Réagir à une seule mesure isolée sans chercher de cause réversible. Un QTc allongé sur un tracé unique mérite d’être revérifié, idéalement en moyennant plusieurs battements, avant toute conclusion. Il faut aussi passer en revue les causes réversibles : médicaments allongeant le QT (certains antiarythmiques comme l’amiodarone ou le sotalol, certains antipsychotiques comme l’halopéridol, certains antibiotiques comme les macrolides ou les fluoroquinolones, la méthadone), troubles électrolytiques (hypokaliémie, hypomagnésémie, hypocalcémie), et syndrome du QT long congénital. Beaucoup de QTc allongés s’expliquent par une cause identifiable et corrigible plutôt que par une anomalie structurelle du cœur.

Questions fréquentes

Pourquoi Bazett reste-t-elle la formule la plus utilisée si elle est biaisée ?

Bazett date de 1920 et s’est imposée la première comme standard, avant l’arrivée des autres formules. Elle reste le calcul par défaut de la plupart des électrocardiographes et la référence citée dans de nombreuses recommandations, notamment pour la surveillance des médicaments allongeant le QT. Son ancienneté et sa simplicité expliquent sa persistance, pas sa précision aux fréquences extrêmes. C’est justement pour cette raison qu’il est utile de la croiser avec Fridericia en cas de tachycardie ou de bradycardie marquée.

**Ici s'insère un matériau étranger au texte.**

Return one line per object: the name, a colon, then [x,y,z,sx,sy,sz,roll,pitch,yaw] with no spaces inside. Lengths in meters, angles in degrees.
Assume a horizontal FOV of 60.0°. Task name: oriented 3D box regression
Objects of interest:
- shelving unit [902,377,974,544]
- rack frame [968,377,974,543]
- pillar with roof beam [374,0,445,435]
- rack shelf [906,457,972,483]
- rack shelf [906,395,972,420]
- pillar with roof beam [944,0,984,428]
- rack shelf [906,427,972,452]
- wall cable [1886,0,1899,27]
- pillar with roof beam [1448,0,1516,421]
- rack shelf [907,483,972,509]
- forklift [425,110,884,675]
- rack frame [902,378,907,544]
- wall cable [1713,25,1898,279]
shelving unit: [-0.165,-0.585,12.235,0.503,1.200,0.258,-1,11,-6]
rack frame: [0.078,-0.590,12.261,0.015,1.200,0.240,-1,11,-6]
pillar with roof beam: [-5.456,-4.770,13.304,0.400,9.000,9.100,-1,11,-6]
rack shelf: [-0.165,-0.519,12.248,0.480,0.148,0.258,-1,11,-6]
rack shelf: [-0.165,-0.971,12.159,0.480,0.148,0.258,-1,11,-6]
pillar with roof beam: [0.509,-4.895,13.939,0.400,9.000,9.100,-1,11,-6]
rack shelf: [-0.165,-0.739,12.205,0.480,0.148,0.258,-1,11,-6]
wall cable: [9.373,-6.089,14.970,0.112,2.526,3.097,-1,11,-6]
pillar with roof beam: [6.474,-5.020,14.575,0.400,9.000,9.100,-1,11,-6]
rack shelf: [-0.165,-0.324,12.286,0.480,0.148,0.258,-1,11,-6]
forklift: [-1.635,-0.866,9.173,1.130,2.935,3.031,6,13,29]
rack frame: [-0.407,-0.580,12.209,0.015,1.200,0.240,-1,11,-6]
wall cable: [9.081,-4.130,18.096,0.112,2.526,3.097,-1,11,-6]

Quelle formule choisir en pratique ?

Bazett convient à une fréquence proche de la normale, autour de 60 à 100 bpm, là où les quatre formules restent relativement proches. En dehors de cette plage, Fridericia est généralement considérée comme plus fiable, ce qui explique sa préférence dans les études pharmacologiques dédiées au QT. Framingham et Hodges sont des alternatives additives, moins répandues en clinique courante mais utiles pour confirmer une tendance quand les résultats de Bazett et de Fridericia divergent nettement.

Un QTc allongé signifie-t-il automatiquement un syndrome du QT long ?

Non. Un QTc allongé peut avoir une cause réversible et fréquente : un médicament, un trouble électrolytique comme une hypokaliémie ou une hypomagnésémie, ou une combinaison des deux. Le syndrome du QT long congénital est une cause possible, mais elle est loin d’être la plus fréquente. Avant d’évoquer une cause structurelle, il est logique de vérifier le traitement en cours et le bilan électrolytique du patient.

Le QTc est-il différent chez l’homme et chez la femme ?

Oui. Le seuil de la normale est plus bas chez l’homme (jusqu’à 430 ms) que chez la femme (jusqu’à 450 ms), avec une zone limite intermédiaire dans les deux cas. Cette différence reflète un QTc de repos physiologiquement plus long chez la femme. Au-delà de 500 ms, le risque de torsade de pointes est considéré comme préoccupant indépendamment du sexe.